Tuesday, March 1, 2011

February 27th – The Durban Jungle

Only a half day in Durban today, so it was an early start to get to Durban's beachfront. Even though it was only 9am, the beautiful wide sandy beach was busy with people sunning themselves and swimming. This beachfront has got to be Durban's best feature – clean and safe, plus great waves. As we walked along the beach, it was interesting to note that although racial segregation has long since gone, to some extent, the different races still tend to stick together – the end near the Shuttle Drop Off point was nearly all white, while the further down you went, the less white it got.
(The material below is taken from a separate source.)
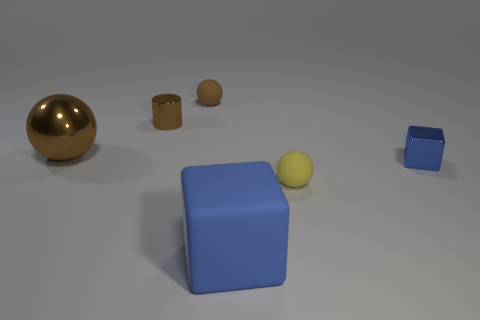Subtract all small matte balls. How many balls are left? 1 Subtract all red cubes. How many brown spheres are left? 2 Add 3 big spheres. How many objects exist? 9 Subtract all yellow balls. How many balls are left? 2 Subtract 2 balls. How many balls are left? 1 Subtract all cubes. How many objects are left? 4 Subtract all purple blocks. Subtract all purple balls. How many blocks are left? 2 Subtract all tiny rubber spheres. Subtract all blue metal cubes. How many objects are left? 3 Add 6 brown cylinders. How many brown cylinders are left? 7 Add 5 small yellow matte objects. How many small yellow matte objects exist? 6

We went along a pier, where the brave surfers launch themselves into the pounding waves and struggle to make their way out to where the waves break, and then ride the foaming 12 feet high rollers – it really made us wish we could surf.
After this, we took a taxi to the Indian district to go to the famous Victoria Street Market. Being a Sunday, the market was much quieter than normal, and some of the streets around the market had a vaguely menacing air – whether that was in our imagination or not, I don't know, but after exploring the market, we didn't hang around long enough to find out how safe the streets were.

So, we went to the centre of the old colonial city, where there's a fine range of grand civic buildings from Victorian times when this was one of the boom towns of the British Empire. We went to the imposing City Hall (which incidentally is a carbon copy of Belfast's City Hall), and visited the art museum, which had a fascinating collection of art from the Apartheid Era. It was sad to see how much the sense of social injustice and violence had permeated into the consciousness of the artists from this dark period of the country's history. In the same building, we went to the Natural History Museum, which had a dusty collection of stuffed wildlife – probably better to see them running in the wild on safari, but this was a much cheaper alternative.

We then wandered around Durban's cosmopolitan city centre, savouring its interesting mix of African, Indian (over one million people of Indian descent live here), and European influences, before it was time to race back to the ship before it sailed.